Festival Classique au large : impressions soleil couchant avec accentus
C’est dans la salle dite du grand large que s’installent les 30 chanteurs du chœur et leur chef Christophe Grapperon. Cette salle permet, avec sa vue panoramique sur la mer, d’admirer la luminosité déclinante de cette fin de journée et les derniers rayons du soleil qui s’y reflètent : difficile de trouver meilleur endroit -et meilleure météo- comme cadre de ce concert intitulé « À la lumière » !
Ce merveilleux paysage devient alors un écrin pour le programme construit autour d’œuvres chorales variées de Camille Saint-Saëns et de Reynaldo Hahn, aux titres évocateurs. De la Romance du soir et du Calme des nuits à l’Obscurité pour conclure par un hymne À la lumière, il est surtout question de lumière changeante et de clair-obscur. À ces méditations au caractère intime s’ajoutent des pièces plus légères et dansantes, notamment la Saltarelle de Saint-Saëns ou les Chansons anciennes de Reynaldo Hahn qui équilibrent le programme et apportent une note de gaîté.

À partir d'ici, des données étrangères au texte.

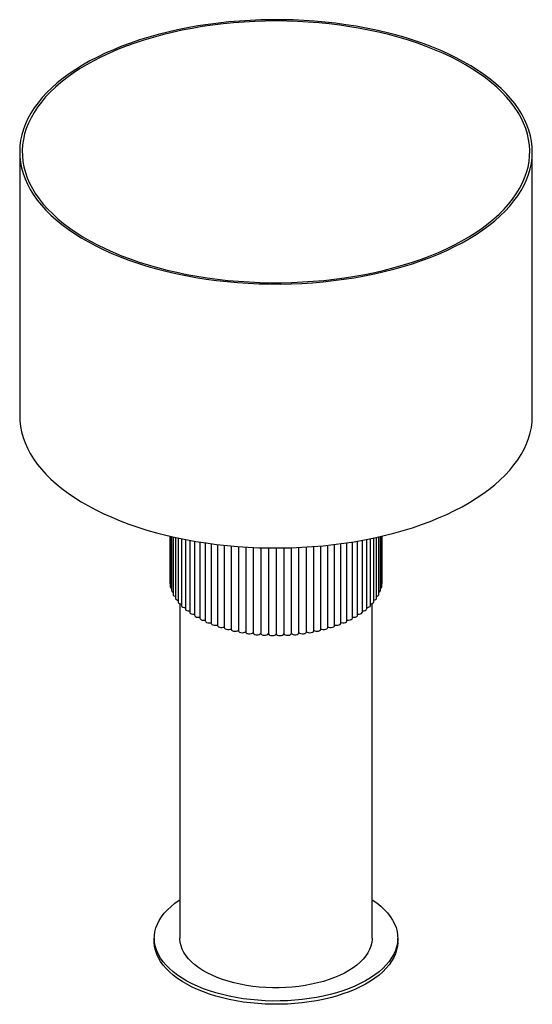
# Paper-space layout '_Trimétrica' of a CAD drawing. Header units: millimetres. Extents: x -200 to 200, y -330 to 437.
import ezdxf

# ---------------------------------------------------------------- set-up
doc = ezdxf.new("R2010")
doc.units = ezdxf.units.MM

psp = doc.layouts.new('_Trimétrica')

# ---------------------------------------------------------------- linework, layer by layer
at = {"color": 7, "linetype": 'Continuous', "lineweight": 25}
for p, q in [((-200, 334.3), (-200, 128.58)), ((200, 128.58), (200, 334.3)), ((-82.95, 34.84), (-82.95, 1.51)), ((-82.94, 34.84), (-82.94, -1.57)), ((-82.49, 34.74), (-82.49, -4.64)), ((-81.6, 34.53), (-81.6, -7.69)), ((-80.26, 34.23), (-80.26, -10.69)), ((-78.49, 33.83), (-78.49, -13.63)), ((-76.3, 33.36), (-76.3, -16.5)), ((-73.7, 32.82), (-73.7, -19.28)), ((-70.71, 32.22), (-70.71, -21.94)), ((-67.34, 31.58), (-67.34, -24.49)), ((-63.6, 30.92), (-63.6, -26.9)), ((63.67, -26.86), (63.67, 30.93)), ((67.4, -24.45), (67.4, 31.59)), ((70.77, -21.9), (70.77, 32.23)), ((73.75, -19.23), (73.75, 32.83)), ((76.35, -16.45), (76.35, 33.37)), ((78.53, -13.58), (78.53, 33.84)), ((80.29, -10.64), (80.29, 34.23)), ((81.61, -7.63), (81.61, 34.53)), ((82.5, -4.59), (82.5, 34.74)), ((82.95, -1.51), (82.95, 34.84)), ((-59.53, 30.24), (-59.53, -29.15)), ((-55.14, 29.56), (-55.14, -31.25)), ((-50.46, 28.9), (-50.46, -33.17)), ((-45.52, 28.27), (-45.52, -34.9)), ((-40.34, 27.68), (-40.34, -36.44)), ((-34.94, 27.15), (-34.94, -37.78)), ((-29.37, 26.68), (-29.37, -38.9)), ((-23.66, 26.29), (-23.66, -39.81)), ((-17.82, 25.98), (-17.82, -40.49)), ((-11.91, 25.75), (-11.91, -40.95)), ((-5.94, 25.61), (-5.94, -41.18)), ((0.05, 25.57), (0.05, -41.29)), ((6.04, 25.61), (6.04, -41.17)), ((12.01, -40.94), (12.01, 25.75)), ((17.92, -40.48), (17.92, 25.98)), ((23.76, -39.79), (23.76, 26.3)), ((29.47, -38.88), (29.47, 26.69)), ((35.04, -37.75), (35.04, 27.16)), ((40.43, -36.42), (40.43, 27.69)), ((45.61, -34.87), (45.61, 28.28)), ((50.55, -33.14), (50.55, 28.91)), ((55.22, -31.21), (55.22, 29.57)), ((59.61, -29.12), (59.61, 30.25)), ((-82.95, 1.51), (-82.94, 1.44)), ((-75, -17.78), (-75, -278.58)), ((75, -278.58), (75, -17.74)), ((-95, -278.58), (-95, -281.15)), ((95, -281.15), (95, -278.58))]:
    psp.add_line(p, q, dxfattribs=at)
at = {"color": 7, "linetype": 'Continuous', "lineweight": 25, "flags": 128}
for points in [[(-93.34, 243.19), (-85.85, 241.26), (-78.21, 239.49), (-70.43, 237.89), (-62.53, 236.45), (-54.52, 235.19), (-46.42, 234.1), (-38.23, 233.19), (-29.98, 232.45), (-21.67, 231.89), (-13.32, 231.52), (-4.96, 231.32), (3.42, 231.3), (11.79, 231.47), (20.14, 231.81), (28.46, 232.34), (36.72, 233.04), (44.92, 233.92), (53.04, 234.98), (61.07, 236.21), (68.99, 237.61), (76.79, 239.18), (84.46, 240.92), (91.98, 242.83), (99.33, 244.89), (106.52, 247.11), (113.51, 249.49), (120.31, 252.01), (126.89, 254.67), (133.25, 257.48), (139.38, 260.42), (145.27, 263.49), (150.9, 266.69), (156.26, 270), (161.35, 273.43), (166.16, 276.96), (170.67, 280.6), (174.89, 284.32), (178.8, 288.14), (182.4, 292.04), (185.67, 296.01), (188.62, 300.05), (191.24, 304.14), (193.52, 308.3), (195.47, 312.49), (197.07, 316.73), (198.33, 320.99), (199.23, 325.28), (199.79, 329.59), (200, 333.9), (199.86, 338.21), (199.36, 342.52), (198.52, 346.81), (197.33, 351.08), (195.79, 355.32), (193.91, 359.53), (191.68, 363.69), (189.13, 367.8), (186.24, 371.85), (183.02, 375.83), (179.48, 379.74), (175.63, 383.57), (171.47, 387.32), (167.01, 390.97), (162.25, 394.52), (157.21, 397.97), (151.9, 401.3), (146.32, 404.52), (140.48, 407.61), (134.4, 410.58), (128.08, 413.41), (121.53, 416.1), (114.77, 418.65), (107.81, 421.05), (100.66, 423.3), (93.34, 425.4), (85.85, 427.33), (78.21, 429.1), (70.43, 430.7), (62.53, 432.14), (54.52, 433.4), (46.42, 434.49), (38.23, 435.4), (29.98, 436.14), (21.67, 436.7), (13.32, 437.07), (4.96, 437.27), (-3.42, 437.29), (-11.79, 437.12), (-20.14, 436.78), (-28.46, 436.25), (-36.72, 435.55), (-44.92, 434.67), (-53.04, 433.61), (-61.07, 432.38), (-68.99, 430.98), (-76.79, 429.41), (-84.46, 427.67), (-91.98, 425.76), (-99.33, 423.7), (-106.52, 421.48), (-113.51, 419.1), (-120.31, 416.58), (-126.89, 413.92), (-133.25, 411.11), (-139.38, 408.17), (-145.27, 405.1), (-150.9, 401.9), (-156.26, 398.59), (-161.35, 395.16), (-166.16, 391.63), (-170.67, 387.99), (-174.89, 384.27), (-178.8, 380.45), (-182.4, 376.55), (-185.67, 372.58), (-188.62, 368.54), (-191.24, 364.45), (-193.52, 360.3), (-195.47, 356.1), (-197.07, 351.86), (-198.33, 347.6), (-199.23, 343.31), (-199.79, 339), (-200, 334.69), (-199.86, 330.38), (-199.36, 326.07), (-198.52, 321.78), (-197.33, 317.51), (-195.79, 313.27), (-193.91, 309.06), (-191.68, 304.9), (-189.13, 300.79), (-186.24, 296.74), (-183.02, 292.76), (-179.48, 288.85), (-175.63, 285.02), (-171.47, 281.27), (-167.01, 277.62), (-162.25, 274.07), (-157.21, 270.62), (-151.9, 267.29), (-146.32, 264.07), (-140.48, 260.98), (-134.4, 258.01), (-128.08, 255.18), (-121.53, 252.49), (-114.77, 249.94), (-107.81, 247.54), (-100.66, 245.29), (-93.34, 243.19)], [(-92.41, 244.1), (-84.94, 242.18), (-77.33, 240.42), (-69.57, 238.82), (-61.7, 237.39), (-53.71, 236.14), (-45.63, 235.06), (-37.47, 234.16), (-29.24, 233.44), (-20.95, 232.89), (-12.64, 232.53), (-4.29, 232.34), (4.05, 232.34), (12.4, 232.52), (20.72, 232.88), (29, 233.42), (37.23, 234.14), (45.39, 235.03), (53.48, 236.11), (61.47, 237.36), (69.35, 238.78), (77.1, 240.37), (84.72, 242.13), (92.19, 244.05), (99.5, 246.13), (106.63, 248.37), (113.56, 250.76), (120.3, 253.3), (126.82, 255.98), (133.12, 258.81), (139.18, 261.76), (144.99, 264.85), (150.55, 268.06), (155.84, 271.39), (160.85, 274.83), (165.57, 278.37), (170, 282.02), (174.13, 285.75), (177.95, 289.58), (181.45, 293.48), (184.63, 297.46), (187.48, 301.5), (190, 305.6), (192.18, 309.75), (194.02, 313.94), (195.51, 318.18), (196.66, 322.43), (197.45, 326.71), (197.9, 331.01), (197.99, 335.31), (197.73, 339.61), (197.12, 343.89), (196.16, 348.17), (194.85, 352.41), (193.19, 356.63), (191.19, 360.8), (188.85, 364.93), (186.18, 369), (183.17, 373.01), (179.84, 376.96), (176.19, 380.82), (172.22, 384.61), (167.95, 388.3), (163.38, 391.9), (158.52, 395.4), (153.38, 398.79), (147.97, 402.06), (142.29, 405.21), (136.36, 408.24), (130.18, 411.13), (123.78, 413.89), (117.15, 416.51), (110.32, 418.98), (103.29, 421.3), (96.08, 423.46), (88.69, 425.47), (81.15, 427.31), (73.47, 428.99), (65.65, 430.5), (57.72, 431.84), (49.68, 433.01), (41.56, 434), (33.36, 434.82), (25.1, 435.45), (16.8, 435.91), (8.47, 436.18), (0.12, 436.27), (-8.23, 436.18), (-16.56, 435.92), (-24.86, 435.47), (-33.12, 434.84), (-41.32, 434.03), (-49.45, 433.04), (-57.49, 431.88), (-65.42, 430.55), (-73.24, 429.04), (-80.93, 427.36), (-88.48, 425.52), (-95.87, 423.52), (-103.09, 421.36), (-110.12, 419.05), (-116.96, 416.58), (-123.59, 413.97), (-130, 411.21), (-136.18, 408.32), (-142.12, 405.3), (-147.81, 402.15), (-153.23, 398.88), (-158.38, 395.5), (-163.25, 392), (-167.83, 388.41), (-172.11, 384.72), (-176.08, 380.93), (-179.74, 377.07), (-183.08, 373.13), (-186.1, 369.12), (-188.78, 365.05), (-191.13, 360.92), (-193.14, 356.75), (-194.81, 352.53), (-196.13, 348.29), (-197.1, 344.02), (-197.72, 339.73), (-197.99, 335.43), (-197.9, 331.13), (-197.47, 326.84), (-196.68, 322.56), (-195.55, 318.3), (-194.07, 314.07), (-192.24, 309.87), (-190.07, 305.72), (-187.56, 301.62), (-184.72, 297.57), (-181.55, 293.6), (-178.05, 289.69), (-174.25, 285.86), (-170.13, 282.12), (-165.7, 278.48), (-160.99, 274.93), (-155.99, 271.49), (-150.71, 268.15), (-145.16, 264.94), (-139.35, 261.85), (-133.3, 258.89), (-127.01, 256.06), (-120.49, 253.37), (-113.76, 250.83), (-106.83, 248.43), (-99.71, 246.19), (-92.41, 244.1)], [(-200, 128.58), (-199.86, 124.66), (-199.36, 120.35), (-198.52, 116.06), (-197.33, 111.79), (-195.79, 107.55), (-193.91, 103.34), (-191.68, 99.18), (-189.13, 95.07), (-186.24, 91.02), (-183.02, 87.04), (-179.48, 83.13), (-175.63, 79.3), (-171.47, 75.55), (-167.01, 71.9), (-162.25, 68.35), (-157.21, 64.9), (-151.9, 61.57), (-146.32, 58.35), (-140.48, 55.26), (-134.4, 52.29), (-128.08, 49.46), (-121.53, 46.77), (-114.77, 44.22), (-107.81, 41.82), (-100.66, 39.57), (-93.34, 37.47)], [(-93.34, 37.47), (-85.85, 35.54), (-78.21, 33.77), (-70.43, 32.17), (-62.53, 30.73), (-54.52, 29.47), (-46.42, 28.38), (-38.23, 27.47), (-29.98, 26.73), (-21.67, 26.17), (-13.32, 25.8), (-4.96, 25.6), (3.42, 25.58), (11.79, 25.75), (20.14, 26.09), (28.46, 26.62), (36.72, 27.32), (44.92, 28.2), (53.04, 29.26), (61.07, 30.49), (68.99, 31.89), (76.79, 33.46), (84.46, 35.2), (91.98, 37.11), (99.33, 39.17), (106.52, 41.39), (113.51, 43.77), (120.31, 46.29), (126.89, 48.95), (133.25, 51.76), (139.38, 54.7), (145.27, 57.77), (150.9, 60.97), (156.26, 64.28), (161.35, 67.71), (166.16, 71.24), (170.67, 74.88), (174.89, 78.6), (178.8, 82.42), (182.4, 86.32), (185.67, 90.29), (188.62, 94.33), (191.24, 98.42), (193.52, 102.58), (195.47, 106.77), (197.07, 111.01), (198.33, 115.27), (199.23, 119.56), (199.79, 123.87), (200, 128.18), (200, 128.58)], [(-80.26, -10.69), (-80.16, -11.09), (-79.66, -11.62), (-78.81, -12.01), (-78.49, -12.1)], [(-78.49, -13.63), (-78.32, -14.14), (-77.75, -14.65), (-76.85, -15.01), (-76.3, -15.12)], [(76.35, -15.07), (76.88, -14.96), (77.79, -14.6), (78.36, -14.09), (78.53, -13.58)], [(78.53, -12.05), (78.84, -11.96), (79.69, -11.57), (80.19, -11.04), (80.29, -10.64)], [(-76.3, -16.5), (-76.3, -16.55), (-76.05, -17.12), (-75.4, -17.6), (-74.45, -17.93), (-73.7, -18.03)], [(-73.7, -19.28), (-73.69, -19.44), (-73.36, -20), (-72.64, -20.46), (-71.64, -20.74), (-70.71, -20.82)], [(-70.71, -21.94), (-70.66, -22.22), (-70.25, -22.77), (-69.47, -23.2), (-68.43, -23.44), (-67.34, -23.48)], [(67.4, -23.43), (68.49, -23.4), (69.53, -23.15), (70.31, -22.72), (70.72, -22.17), (70.77, -21.9)], [(70.77, -20.77), (71.7, -20.7), (72.69, -20.41), (73.41, -19.95), (73.74, -19.39), (73.75, -19.23)], [(73.75, -17.98), (74.5, -17.88), (75.45, -17.55), (76.1, -17.07), (76.34, -16.5), (76.35, -16.45)], [(-67.34, -24.49), (-67.24, -24.88), (-66.75, -25.41), (-65.91, -25.8), (-64.84, -26.01), (-63.7, -26), (-63.6, -25.99)], [(-63.6, -26.9), (-63.44, -27.39), (-62.88, -27.91), (-61.98, -28.27), (-60.88, -28.43), (-59.75, -28.38), (-59.53, -28.34)], [(-59.53, -29.15), (-59.53, -29.18), (-59.29, -29.76), (-58.65, -30.25), (-57.7, -30.58), (-56.59, -30.7), (-55.46, -30.6), (-55.14, -30.52)], [(55.22, -30.49), (55.54, -30.56), (56.67, -30.66), (57.78, -30.54), (58.73, -30.21), (59.37, -29.72), (59.6, -29.15), (59.61, -29.12)], [(59.61, -28.3), (59.82, -28.34), (60.96, -28.39), (62.05, -28.23), (62.95, -27.86), (63.51, -27.35), (63.67, -26.86)], [(63.67, -25.94), (63.76, -25.96), (64.91, -25.97), (65.97, -25.76), (66.81, -25.36), (67.3, -24.83), (67.4, -24.45)], [(-55.14, -31.25), (-55.13, -31.39), (-54.81, -31.96), (-54.1, -32.42), (-53.11, -32.71), (-51.98, -32.79), (-50.87, -32.65), (-50.46, -32.53)], [(-50.46, -33.17), (-50.42, -33.43), (-50.02, -33.98), (-49.24, -34.41), (-48.21, -34.66), (-47.07, -34.7), (-45.99, -34.51), (-45.52, -34.34)], [(-45.52, -34.9), (-45.43, -35.28), (-44.95, -35.81), (-44.11, -36.21), (-43.05, -36.42), (-41.91, -36.41), (-40.85, -36.19), (-40.34, -35.96)], [(-40.34, -36.44), (-40.18, -36.93), (-39.63, -37.44), (-38.74, -37.81), (-37.64, -37.98), (-36.51, -37.93), (-35.49, -37.66), (-34.94, -37.37)], [(-34.94, -37.78), (-34.94, -37.79), (-34.71, -38.37), (-34.08, -38.86), (-33.14, -39.19), (-32.03, -39.32), (-30.9, -39.22), (-29.92, -38.92), (-29.37, -38.57)], [(29.47, -38.55), (30.02, -38.9), (31, -39.2), (32.13, -39.3), (33.24, -39.17), (34.18, -38.84), (34.81, -38.35), (35.04, -37.77), (35.04, -37.75)], [(35.04, -37.35), (35.58, -37.63), (36.6, -37.9), (37.74, -37.95), (38.83, -37.78), (39.72, -37.41), (40.28, -36.9), (40.43, -36.42)], [(40.43, -35.94), (40.94, -36.16), (42, -36.39), (43.14, -36.39), (44.2, -36.18), (45.04, -35.78), (45.52, -35.25), (45.61, -34.87)], [(45.61, -34.31), (46.08, -34.48), (47.16, -34.67), (48.3, -34.63), (49.33, -34.38), (50.1, -33.95), (50.5, -33.39), (50.55, -33.14)], [(50.55, -32.5), (50.95, -32.61), (52.06, -32.76), (53.19, -32.68), (54.18, -32.38), (54.89, -31.92), (55.21, -31.36), (55.22, -31.21)], [(-29.37, -38.9), (-29.36, -39.03), (-29.05, -39.6), (-28.35, -40.06), (-27.36, -40.36), (-26.23, -40.44), (-25.12, -40.3), (-24.19, -39.96), (-23.66, -39.55)], [(-23.66, -39.81), (-23.62, -40.05), (-23.22, -40.61), (-22.46, -41.04), (-21.43, -41.3), (-20.29, -41.34), (-19.2, -41.16), (-18.33, -40.78), (-17.82, -40.31)], [(-17.82, -40.49), (-17.74, -40.85), (-17.27, -41.39), (-16.44, -41.79), (-15.38, -42.01), (-14.24, -42.01), (-13.18, -41.78), (-12.36, -41.37), (-11.9, -40.83)], [(-11.91, -40.95), (-11.76, -41.42), (-11.21, -41.93), (-10.33, -42.31), (-9.24, -42.48), (-8.1, -42.44), (-7.08, -42.17), (-6.32, -41.73), (-5.94, -41.18)], [(-5.94, -41.18), (-5.72, -41.76), (-5.1, -42.25), (-4.16, -42.59), (-3.05, -42.72), (-1.92, -42.63), (-0.94, -42.33), (-0.25, -41.86), (0.05, -41.29)], [(0.05, -41.29), (0.35, -41.86), (1.05, -42.33), (2.03, -42.63), (3.16, -42.72), (4.27, -42.58), (5.2, -42.25), (5.82, -41.75), (6.04, -41.17)], [(6.04, -41.17), (6.43, -41.73), (7.19, -42.17), (8.21, -42.43), (9.35, -42.48), (10.44, -42.3), (11.32, -41.93), (11.87, -41.41), (12.01, -40.94)], [(12, -40.83), (12.46, -41.36), (13.28, -41.77), (14.34, -42), (15.48, -42), (16.54, -41.78), (17.37, -41.37), (17.84, -40.84), (17.92, -40.48)], [(17.92, -40.3), (18.43, -40.77), (19.31, -41.15), (20.39, -41.33), (21.53, -41.28), (22.56, -41.03), (23.33, -40.59), (23.72, -40.04), (23.76, -39.79)], [(23.76, -39.54), (24.29, -39.95), (25.22, -40.29), (26.33, -40.43), (27.46, -40.34), (28.45, -40.04), (29.15, -39.58), (29.46, -39.01), (29.47, -38.88)], [(75, -248.55), (75.15, -248.65), (78.56, -251.06), (81.67, -253.58), (84.47, -256.19), (86.97, -258.89), (89.13, -261.65), (90.97, -264.48), (92.47, -267.37), (93.63, -270.29), (94.43, -273.25), (94.89, -276.22), (94.99, -279.2), (94.74, -282.19), (94.14, -285.15), (93.18, -288.1), (91.88, -291.01), (90.24, -293.87), (88.27, -296.67), (85.96, -299.41), (83.33, -302.07), (80.4, -304.64), (77.16, -307.12), (73.64, -309.49), (69.85, -311.74), (65.79, -313.88), (61.49, -315.88), (56.96, -317.74), (52.22, -319.45), (47.28, -321.02), (42.17, -322.42), (36.91, -323.67), (31.5, -324.74), (25.98, -325.64), (20.36, -326.37), (14.66, -326.92), (8.91, -327.29), (3.13, -327.48), (-2.66, -327.49), (-8.45, -327.31), (-14.2, -326.96), (-19.9, -326.42), (-25.53, -325.71), (-31.06, -324.82), (-36.47, -323.76), (-41.75, -322.53), (-46.88, -321.14), (-51.83, -319.59), (-56.59, -317.88), (-61.13, -316.03), (-65.45, -314.04), (-69.53, -311.92), (-73.34, -309.68), (-76.89, -307.32), (-80.15, -304.85), (-83.11, -302.28), (-85.76, -299.63), (-88.09, -296.9), (-90.1, -294.1), (-91.76, -291.24), (-93.09, -288.33), (-94.07, -285.39), (-94.71, -282.43), (-94.99, -279.45), (-94.91, -276.46), (-94.48, -273.49), (-93.71, -270.53), (-92.58, -267.6), (-91.11, -264.72), (-89.3, -261.88), (-87.15, -259.11), (-84.69, -256.41), (-81.9, -253.79), (-78.82, -251.26), (-75.44, -248.84), (-75, -248.55)], [(95, -281.15), (94.99, -281.78), (94.74, -284.76), (94.14, -287.73), (93.18, -290.67), (91.88, -293.58), (90.24, -296.44), (88.27, -299.24), (85.96, -301.98), (83.33, -304.64), (80.4, -307.22), (77.16, -309.69), (73.64, -312.06), (69.85, -314.32), (65.79, -316.45), (61.49, -318.45), (56.96, -320.31), (52.22, -322.02), (47.28, -323.59), (42.17, -324.99), (36.91, -326.24), (31.5, -327.31), (25.98, -328.21), (20.36, -328.94), (14.66, -329.49), (8.91, -329.86), (3.13, -330.05), (-2.66, -330.06), (-8.45, -329.89), (-14.2, -329.53), (-19.9, -328.99), (-25.53, -328.28), (-31.06, -327.39), (-36.47, -326.33), (-41.75, -325.1), (-46.88, -323.71), (-51.83, -322.16), (-56.59, -320.45), (-61.13, -318.6), (-65.45, -316.61), (-69.53, -314.49), (-73.34, -312.25), (-76.89, -309.89), (-80.15, -307.42), (-83.11, -304.85), (-85.76, -302.2), (-88.09, -299.47), (-90.1, -296.67), (-91.76, -293.81), (-93.09, -290.91), (-94.07, -287.96), (-94.71, -285), (-94.99, -282.02), (-95, -281.15)], [(75, -278.58), (74.99, -279.33), (74.71, -281.99), (74.07, -284.64), (73.08, -287.26), (71.75, -289.83), (70.07, -292.36), (68.05, -294.81), (65.72, -297.19), (63.07, -299.48), (60.12, -301.68), (56.88, -303.76), (53.37, -305.72), (49.61, -307.55), (45.61, -309.24), (41.39, -310.79), (36.98, -312.19), (32.39, -313.42), (27.65, -314.49), (22.77, -315.38), (17.79, -316.11), (12.72, -316.65), (7.59, -317.01), (2.42, -317.19), (-2.76, -317.18), (-7.92, -316.99), (-13.05, -316.62), (-18.11, -316.06), (-23.09, -315.33), (-27.96, -314.42), (-32.69, -313.34), (-37.27, -312.1), (-41.67, -310.7), (-45.87, -309.14), (-49.86, -307.44), (-53.61, -305.6), (-57.1, -303.63), (-60.32, -301.54), (-63.25, -299.34), (-65.88, -297.04), (-68.19, -294.66), (-70.19, -292.2), (-71.84, -289.67), (-73.16, -287.09), (-74.12, -284.47), (-74.74, -281.82), (-74.99, -279.16), (-75, -278.58)]]:
    psp.add_lwpolyline(points, dxfattribs=at)
at = {"color": 7, "linetype": 'Continuous', "lineweight": 25}
for centre, radius, start, end in [((-81.87, -1.51), 1.07, 183.24661, 234.68203), ((-81.19, -4.5), 1.31, 186.24791, 251.9904), ((79.93, -7.21), 1.74, 281.97623, 346.05881), ((81.21, -4.45), 1.3, 288.23972, 353.80519), ((81.88, -1.45), 1.07, 305.71999, 356.80406), ((-79.9, -7.26), 1.74, 193.99952, 258.17444)]:
    psp.add_arc(centre, radius, start, end, dxfattribs=at)

doc.saveas('drawing.dxf')

Réunir ces deux compositeurs est un choix judicieux. Tous deux regardent vers le passé mais sont tournés vers l’avenir avec une esthétique et un univers qui leur sont propres. Saint-Saëns (tout comme Hahn par la suite) a un engouement pour le chœur, dû à la redécouverte de la polyphonie de la Renaissance, et d’autre part pour les orphéons et sociétés chorales qui fleurissent au cours du XIXème siècle. En découlent pour les deux compositeurs de nombreuses pièces a cappella avec pour objectif de respecter l’intelligibilité du texte, dans la clarté de l’écriture. Saint-Saëns parle de madrigal à quatre voix, Hahn de rondels et de chansons anciennes. Ils ont en commun une écriture française avec divisions des voix en une déclinaison de couleurs vocales pensées avec raffinement.
L’interprétation du Chœur accentus dans ce type de répertoire rappelle sa volonté de faire du chant a cappella un fer de lance. Il redonne ses lettres de noblesse à cet art de chanter, apporte un sentiment de plénitude, d’élévation, de communion très forte entre les chanteurs. À l’écoute les uns des autres pour aller chercher la couleur de la note en plus de la justesse, les chanteurs accordent leur respiration. Cela demande une grande précision, une connexion avec le chef qui crée une sorte de matière vivante qu’est le son a cappella. Variant les tempi, les caractères, les nuances, les partitions donnent au chœur maintes possibilités de démontrer leur flexibilité ainsi que leur compréhension complète des textes : tout en finesse et intelligibilité.
La disposition particulière des pupitres mélangés provoque une écoute différente, l’oreille étant un peu perturbée au début, habituée à chercher le registre des sopranos et ténors d’un côté, des altos et basses de l’autre. La frontière est ainsi gommée et une alchimie se produit avec des sonorités chatoyantes, des mélanges subtils parfaitement dosés. Chaque pupitre garde néanmoins sa cohérence : les sopranos et ténors apportent brillance et clarté sans vibrato excessif, les altos déploient des sons fournis et timbrés remplissant le spectre sonore, les basses assument leur fonction de soutien harmonique.
Christophe Grapperon dirige sans partition et insuffle toutes les paroles et intentions à ses chanteurs. L'exigence du geste est aussi au service d'une certaine spontanéité qui ne rend jamais la musique rigide, comme dans la Saltarelle où il esquisse un mouvement de danse et vit intensément avec les hommes du chœur cette ronde populaire.
« Mes nouvelles métamorphoses, ô Lumière ! » clament les chanteurs de façon solaire pour clore ce concert : leur propre métamorphose et renaissance aussi, après de longs mois de silence et d’incertitude liés à la crise sanitaire. Après les applaudissements du public, le chef remercie et offre un « au revoir entre nous » avec le Cantique de Jean Racine (Fauré) d’une grande émotion.